Hey OP, if I may be so crass, I do have a few suggestions. You’re free to ignore them, specially if your hurt for Mike is still strong, but maybe at least one of these will help. First, it’s worth noting that Courtney is most likely ab#sive, in a psychological and emotional way. For him to have such a change of heart, such a “no secrets” attitude, and an insistence on involving her in every part of his life.

That’s a classic abu#e technique, she’s isolating him from anyone who would counter her goals, and ensuring that the only people he’s with are vetted by her. Now. I’m not saying you keep trying with Mike, frankly he’s a broken and insecure fool who let his relationships be sabotaged by someone who cares more about their manicure than about their man. So f#$k that.

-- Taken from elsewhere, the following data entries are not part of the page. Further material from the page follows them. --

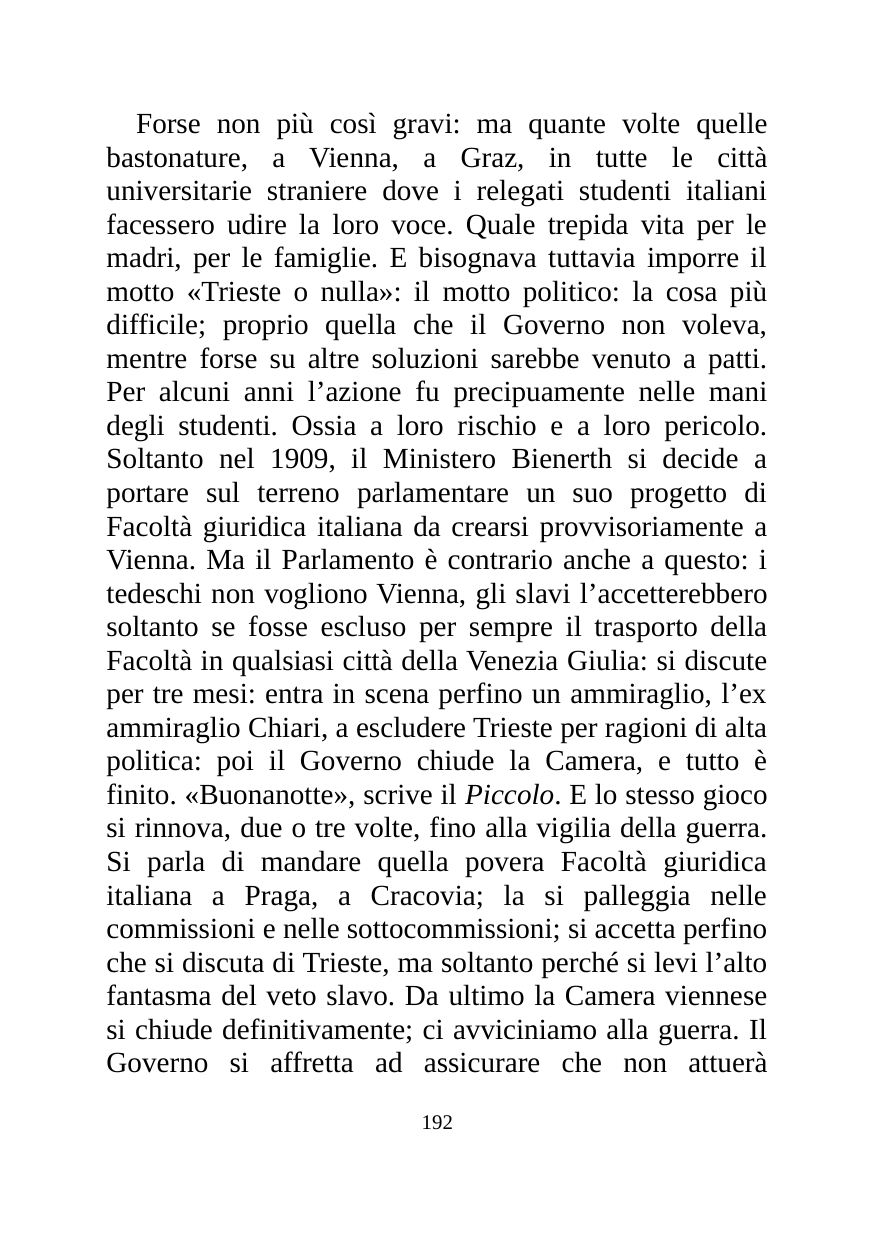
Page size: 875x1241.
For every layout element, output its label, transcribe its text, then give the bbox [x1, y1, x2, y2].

text Forse non più così gravi: ma quante volte quelle bastonature, a Vienna, a Graz, in tutte le città universitarie straniere dove i relegati studenti italiani facessero udire la loro voce. Quale trepida vita per le madri, per le famiglie. E bisognava tuttavia imporre il motto «Trieste o nulla»: il motto politico: la cosa più difficile; proprio quella che il Governo non voleva, mentre forse su altre soluzioni sarebbe venuto a patti. Per alcuni anni l’azione fu precipuamente nelle mani degli studenti. Ossia a loro rischio e a loro pericolo. Soltanto nel 1909, il Ministero Bienerth si decide a portare sul terreno parlamentare un suo progetto di Facoltà giuridica italiana da crearsi provvisoriamente a Vienna. Ma il Parlamento è contrario anche a questo: i tedeschi non vogliono Vienna, gli slavi l’accetterebbero soltanto se fosse escluso per sempre il trasporto della Facoltà in qualsiasi città della Venezia Giulia: si discute per tre mesi: entra in scena perfino un ammiraglio, l’ex ammiraglio Chiari, a escludere Trieste per ragioni di alta politica: poi il Governo chiude la Camera, e tutto è finito. «Buonanotte», scrive il Piccolo. E lo stesso gioco si rinnova, due o tre volte, fino alla vigilia della guerra. Si parla di mandare quella povera Facoltà giuridica italiana a Praga, a Cracovia; la si palleggia nelle commissioni e nelle sottocommissioni; si accetta perfino che si discuta di Trieste, ma soltanto perché si levi l’alto fantasma del veto slavo. Da ultimo la Camera viennese si chiude definitivamente; ci avviciniamo alla guerra. Il Governo si affretta ad assicurare che non attuerà [106, 106, 768, 1079]
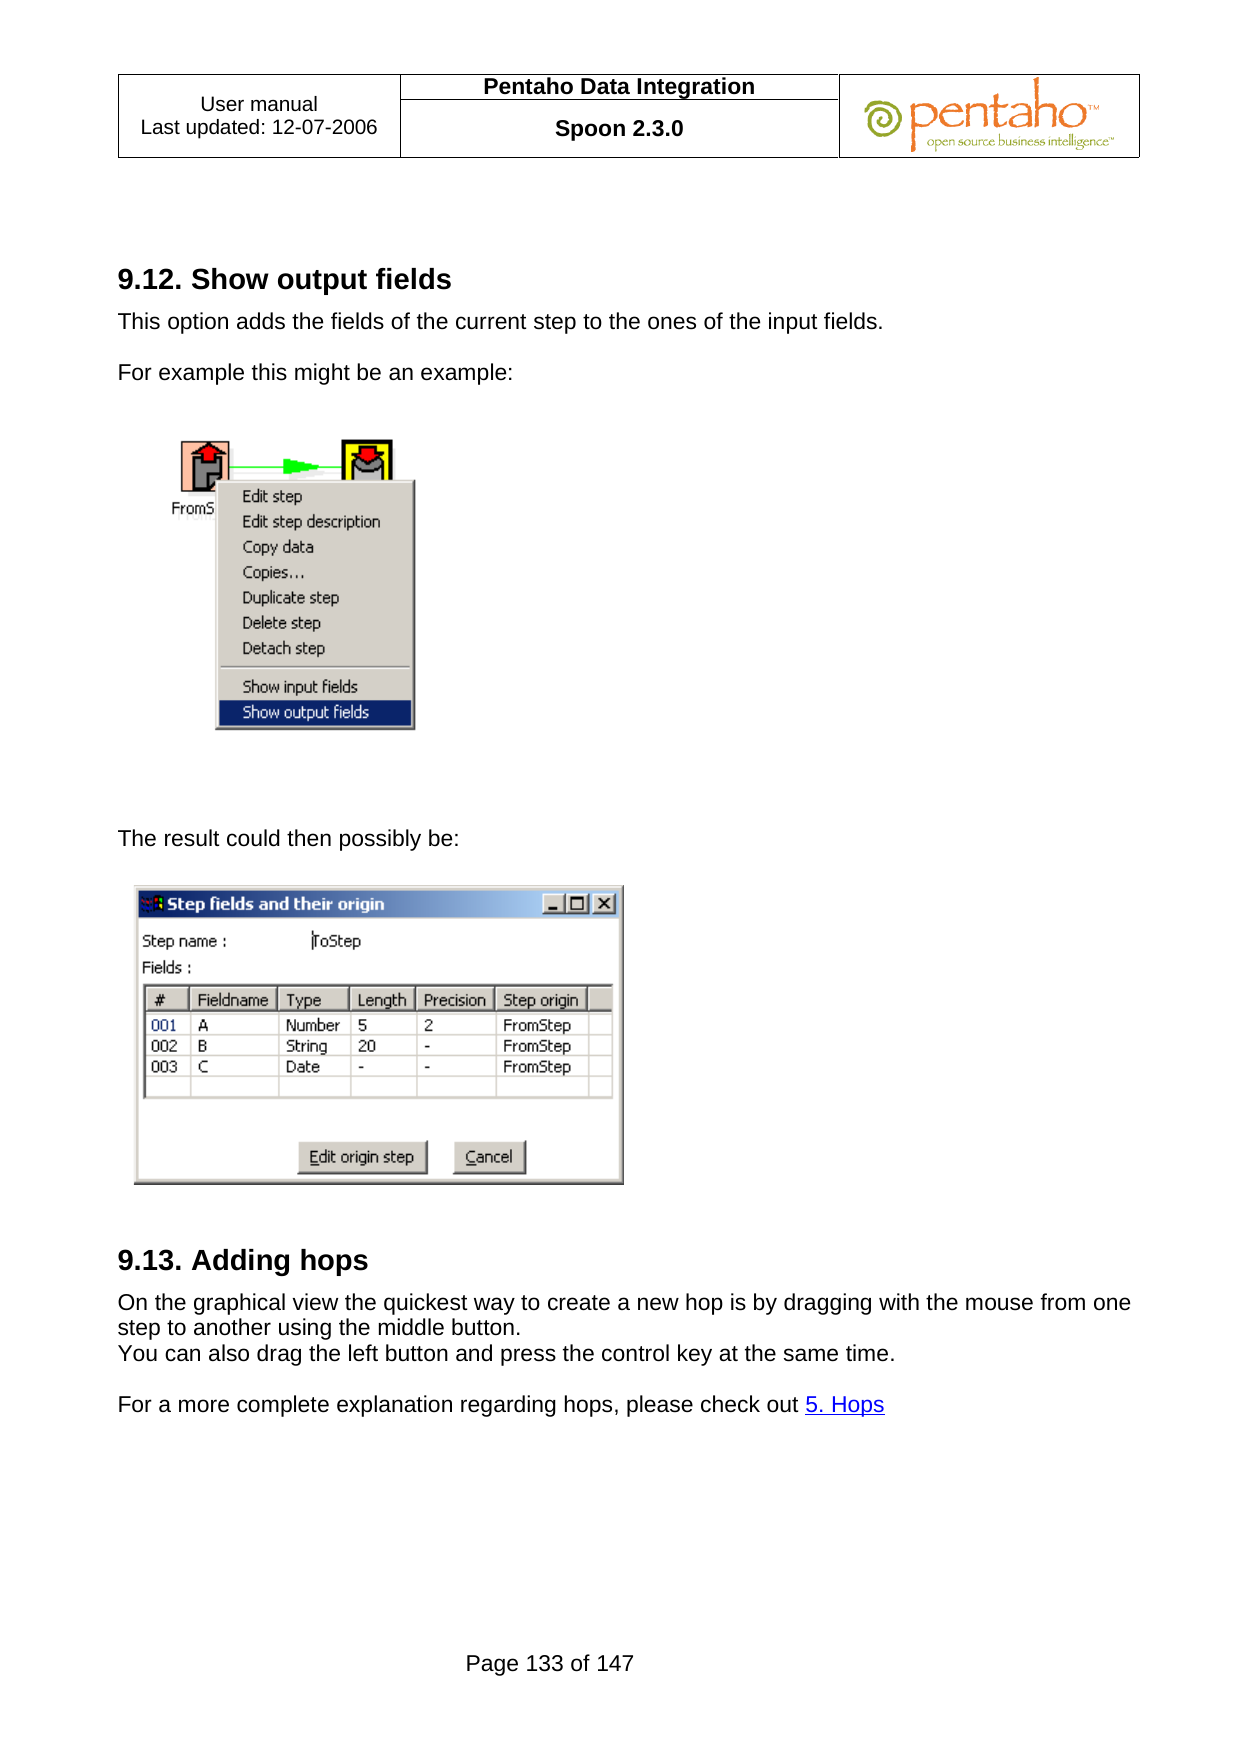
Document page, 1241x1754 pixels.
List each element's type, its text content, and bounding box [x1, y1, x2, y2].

subtitle Adding hops [117, 1244, 1137, 1277]
text You can also drag the left button and press the control key at the same time. [117, 1341, 1137, 1366]
text The result could then possibly be: [117, 826, 1137, 851]
picture [133, 885, 624, 1185]
text For a more complete explanation regarding hops, please check out 5. Hops [117, 1392, 1137, 1417]
text For example this might be an example: [117, 359, 1137, 385]
text On the graphical view the quickest way to create a new hop is by dragging with the mouse from one step to another using the middle button. [117, 1289, 1137, 1341]
subtitle Show output fields [117, 263, 1137, 296]
text This option adds the fields of the current step to the ones of the input fields. [117, 308, 1137, 334]

But maybe keep in contact with Mike’s mom and family, make an effort to keep in contact with her just in case, and so that should he realise that Courtney’s a crazy b#$ch, he knows that he still has a few people looking out for him. (Also to let his mother know of Courtney’s bulls#$t).

And for your soon to be husband. If he’s grieving, get him to write a letter expressing his emotions. any worry over Mike, all his anger at him, and calmly and directly express why he’s upset and saying goodbye (maybe with an “if you see the light, call” message as well, if your fiancée still has that in his heart. Though he doesn’t owe Mike anything).

It’s a good strategy with people who are dying, or for the families of those who died, because it helps get the emotions out. Your husband just has the added benefit that the person can still read it.

And then after the letter, let go. It’s all either of you can do, and it’s not something that you even have to give Mike. You can give it to his mother, or store it in a closet. But it’ll help let go of everything, whatever you decide.

Rosalie-83 wrote:

D*mn. So sad. I hope Mikes family can talk better sense into him, he’s obviously being manipulated by her, but you can’t help until he’s ready. I’ll pray it’s before she gets “accidentally” pregnant.